By Rep. Marjorie Porter, D-Hillsborough
It’s Silly Season once again at the State House. Legislators are meeting in Committees of Conference.
After the House or Senate passes one of its bills, it is sent to the other chamber for their consideration. This most often leads to the bill being changed in some way. The changes can be as simple as adding a comma, or as complicated as a complete rewrite of the bill.
Before it can be sent on to the Governor for signing, both chambers must agree to the changes.
We in the House have several options when the Senate returns an amended bill. We can concur, or agree with the changes, at which point the bill moves on to the Governor.
We can non-concur, or not agree, at which point the bill dies.
Or we can non-concur and request a committee of conference. That’s when Silly Season officially begins.
Committees of conference are supposed to iron out the differences between the two versions of the bill. Sometimes they do, sometimes they don’t. If they don’t, the bill dies.
The committees are made up of seven members—three senators, four representatives—who are chosen by committee chairs with the approval of the Senate president or the speaker of the House.
House members on the committee are supposed to defend the House position on the bill, and only those who voted in favor are supposed to be appointed. But, as I learned this week with SB 438, that is not always the case.
You need some background here. SB 438 deals with the postponement of local elections, and was drafted to address the problems created when major winter storms hit us on the town meeting day two years in a row. One section of current law was interpreted by municipal lawyers to grant authority to postpone local elections to town moderators and other local election officials. The Secretary of State’s office disagreed. They read the law differently, and said no one had the authority to postpone.
The bill that came to us from the Senate set up a process to be used, and gave the authority to postpone local elections to the Secretary of State.
Needless to say, local officials were not very happy.
The hearing in the Election Law committee lasted for hours. Almost all the testimony we heard was against the bill. Although the Secretary of State has authority for state and federal elections, moderators and town clerks have always had sole authority over local elections where local boards and town officials are determined. They are in a better position to know the conditions on the ground than someone in an office in Concord.
Election Law worked hard to find a solution. Two different amendments were proposed. One, drafted by a Rep Moynihan, D-Dummer, amended current law by setting up a process, similar to the Senate version, but maintaining the moderator’s authority to postpone. The other, drafted by the committee chair, set up a different system, and kept the Secretary of State, and also the Attorney General, involved. The committee voted for the Chair’s amendment, 11-9. The other was presented to the House as a floor amendment.

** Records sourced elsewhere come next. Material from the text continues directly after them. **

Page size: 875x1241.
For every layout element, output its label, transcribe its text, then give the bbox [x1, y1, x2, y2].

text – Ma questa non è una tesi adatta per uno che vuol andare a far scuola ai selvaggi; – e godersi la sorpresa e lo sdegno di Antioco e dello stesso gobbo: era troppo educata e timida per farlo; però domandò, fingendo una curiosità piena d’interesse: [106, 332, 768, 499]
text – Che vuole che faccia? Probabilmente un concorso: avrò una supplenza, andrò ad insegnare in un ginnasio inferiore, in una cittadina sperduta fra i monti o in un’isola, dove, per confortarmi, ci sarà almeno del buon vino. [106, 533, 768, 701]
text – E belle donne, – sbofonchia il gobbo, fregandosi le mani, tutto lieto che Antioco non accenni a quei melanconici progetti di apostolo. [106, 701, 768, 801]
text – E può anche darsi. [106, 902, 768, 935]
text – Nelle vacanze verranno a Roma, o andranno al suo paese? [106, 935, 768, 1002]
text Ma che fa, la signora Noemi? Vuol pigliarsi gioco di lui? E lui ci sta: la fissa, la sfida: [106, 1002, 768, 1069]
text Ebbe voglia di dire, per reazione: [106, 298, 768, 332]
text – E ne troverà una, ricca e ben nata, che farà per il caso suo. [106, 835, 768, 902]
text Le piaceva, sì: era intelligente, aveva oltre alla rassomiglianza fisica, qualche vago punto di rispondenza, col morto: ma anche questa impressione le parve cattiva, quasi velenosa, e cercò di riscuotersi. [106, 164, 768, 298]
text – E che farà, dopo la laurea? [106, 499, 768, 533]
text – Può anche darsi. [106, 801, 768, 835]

This really should not have been a partisan issue at all, and indeed it wasn’t. The committee amendment was rejected by the House by a bipartisan vote of 155-176. This was a division vote, no names attached. The floor amendment was adopted, by a nonpartisan vote of 178-158. This was a roll call vote, so we know how each member voted. The final bill as amended passed with a voice vote. Remember this. It is important.
The Senate asked for a committee of conference. And here’s where I began to learn new things. House members appointed are supposed to have voted in the majority. They are supposed to defend the House position.

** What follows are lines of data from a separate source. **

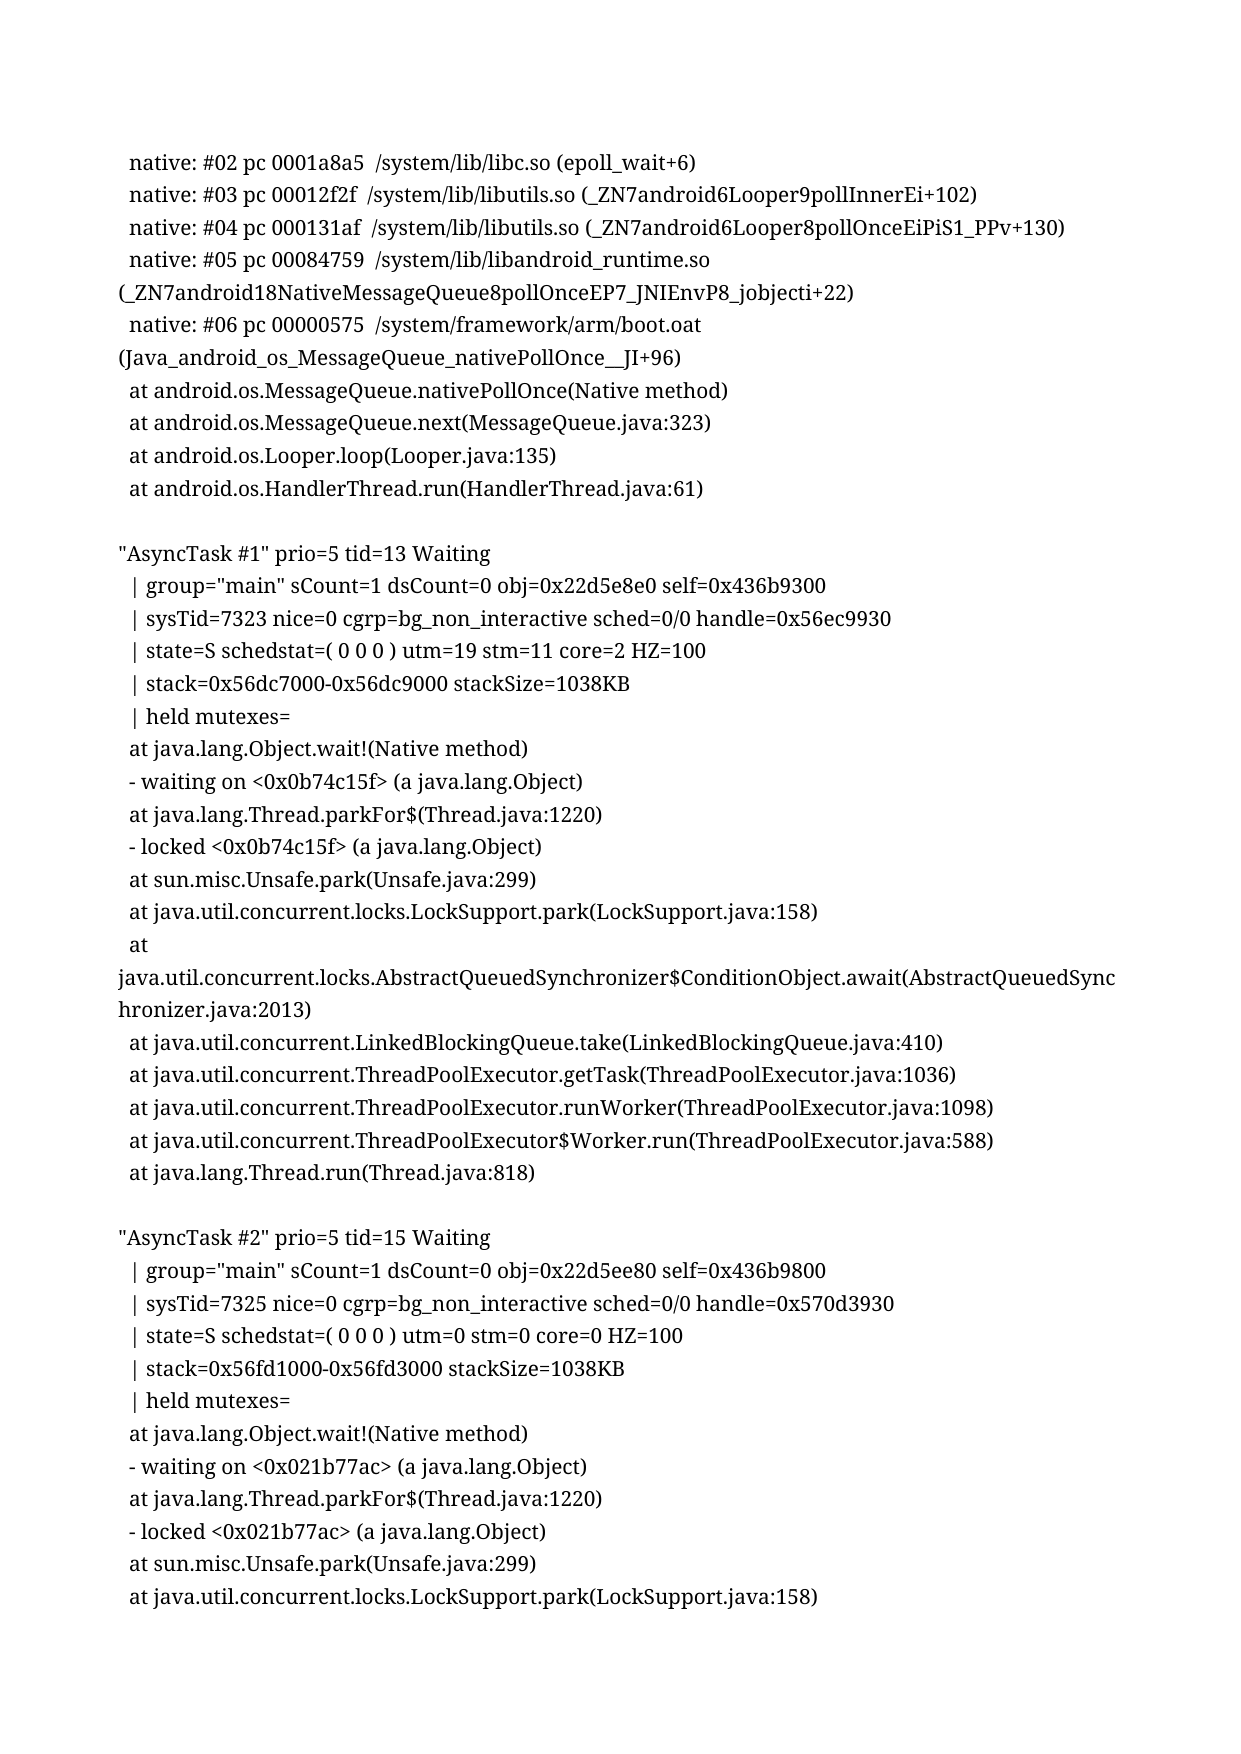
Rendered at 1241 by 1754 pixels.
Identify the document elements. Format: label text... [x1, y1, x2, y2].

text | state=S schedstat=( 0 0 0 ) utm=0 stm=0 core=0 HZ=100 [118, 1321, 1122, 1350]
text - waiting on <0x0b74c15f> (a java.lang.Object) [118, 767, 1122, 796]
text at java.util.concurrent.ThreadPoolExecutor.runWorker(ThreadPoolExecutor.java:1098) [118, 1093, 1122, 1122]
text "AsyncTask #2" prio=5 tid=15 Waiting [118, 1223, 1122, 1252]
text native: #06 pc 00000575 /system/framework/arm/boot.oat (Java_android_os_MessageQueue_nativePollOnce__JI+96) [118, 311, 1122, 372]
text native: #02 pc 0001a8a5 /system/lib/libc.so (epoll_wait+6) [118, 148, 1122, 176]
text native: #05 pc 00084759 /system/lib/libandroid_runtime.so (_ZN7android18NativeMessageQueue8pollOnceEP7_JNIEnvP8_jobjecti+22) [118, 245, 1122, 306]
text at java.util.concurrent.locks.LockSupport.park(LockSupport.java:158) [118, 897, 1122, 926]
text at java.lang.Object.wait!(Native method) [118, 734, 1122, 763]
text | stack=0x56fd1000-0x56fd3000 stackSize=1038KB [118, 1354, 1122, 1382]
text native: #04 pc 000131af /system/lib/libutils.so (_ZN7android6Looper8pollOnceEiPiS1_PPv+130) [118, 213, 1122, 241]
text at java.lang.Thread.run(Thread.java:818) [118, 1158, 1122, 1187]
text | sysTid=7325 nice=0 cgrp=bg_non_interactive sched=0/0 handle=0x570d3930 [118, 1289, 1122, 1317]
text native: #03 pc 00012f2f /system/lib/libutils.so (_ZN7android6Looper9pollInnerEi+102) [118, 180, 1122, 209]
text | group="main" sCount=1 dsCount=0 obj=0x22d5e8e0 self=0x436b9300 [118, 571, 1122, 600]
text at java.util.concurrent.ThreadPoolExecutor$Worker.run(ThreadPoolExecutor.java:588) [118, 1126, 1122, 1154]
text at java.util.concurrent.LinkedBlockingQueue.take(LinkedBlockingQueue.java:410) [118, 1028, 1122, 1056]
text | held mutexes= [118, 1387, 1122, 1415]
text at java.util.concurrent.ThreadPoolExecutor.getTask(ThreadPoolExecutor.java:1036) [118, 1061, 1122, 1089]
text at java.util.concurrent.locks.AbstractQueuedSynchronizer$ConditionObject.await(AbstractQueuedSynchronizer.java:2013) [118, 930, 1122, 1024]
text | state=S schedstat=( 0 0 0 ) utm=19 stm=11 core=2 HZ=100 [118, 637, 1122, 665]
text at android.os.MessageQueue.next(MessageQueue.java:323) [118, 408, 1122, 437]
text - locked <0x021b77ac> (a java.lang.Object) [118, 1517, 1122, 1545]
text - waiting on <0x021b77ac> (a java.lang.Object) [118, 1452, 1122, 1480]
text at android.os.MessageQueue.nativePollOnce(Native method) [118, 376, 1122, 404]
text | group="main" sCount=1 dsCount=0 obj=0x22d5ee80 self=0x436b9800 [118, 1256, 1122, 1284]
text at java.util.concurrent.locks.LockSupport.park(LockSupport.java:158) [118, 1582, 1122, 1611]
text at java.lang.Object.wait!(Native method) [118, 1419, 1122, 1448]
text "AsyncTask #1" prio=5 tid=13 Waiting [118, 539, 1122, 567]
text - locked <0x0b74c15f> (a java.lang.Object) [118, 832, 1122, 861]
text at sun.misc.Unsafe.park(Unsafe.java:299) [118, 1549, 1122, 1578]
text | stack=0x56dc7000-0x56dc9000 stackSize=1038KB [118, 669, 1122, 698]
text at java.lang.Thread.parkFor$(Thread.java:1220) [118, 1484, 1122, 1513]
text | held mutexes= [118, 702, 1122, 730]
text | sysTid=7323 nice=0 cgrp=bg_non_interactive sched=0/0 handle=0x56ec9930 [118, 604, 1122, 632]
text at java.lang.Thread.parkFor$(Thread.java:1220) [118, 800, 1122, 828]
text at android.os.Looper.loop(Looper.java:135) [118, 441, 1122, 469]
text at sun.misc.Unsafe.park(Unsafe.java:299) [118, 865, 1122, 893]
text at android.os.HandlerThread.run(HandlerThread.java:61) [118, 474, 1122, 502]

Of the four House members originally appointed, only one (me) had voted in the majority. At that time, I was the only Democrat. When I questioned, I was told there was no way to know how anyone voted because the final vote was a voice vote.
But of course there was—that roll call vote on the amendment just prior to the voice vote made it clear how people voted. I was the only one of the four who voted with the majority. In fact two of the members were the committee chair and vice-chair, who obviously voted for their own amendment.
Just before the conference met, the chair was replaced by Rep. Moynihan, the sponsor of the amendment that passed the House. House members were now divided 2-2.
It was clear from the beginning the Senate was not interested in the House’s position. Two of the three Senators live in cities, and their concerns made it obvious they had little understanding of how town meetings work. Rep Moynihan and I worked hard to explain the reasons for the House’s position. To their credit, the other two reps stayed silent until asked their opinion, and were honest in their response. They offered a solution which was a large part of the failed amendment. We recessed until the next day.
When we reconvened, the Senate offered to amend their bill to include part of the failed amendment. Because the House conferees were split, we went to the Speaker to ask for a solution.
He gave us one. He took Rep. Moynihan and me, who were defending the House position, off the committee. House committee members now include the Election Law vice chair, a member of the House leadership team, and two new members who live in cities and have no familiarity with the bill.
The final meeting was today at 10:30. The new committee chose to disregard the voices of local officials and agreed to the original senate bill, unchanged. With no one left to support it, the House position has been scrapped.
I’m angry. The House did not follow its own rules. This is not the way things are supposed to be. Unfortunately it’s the way things really are.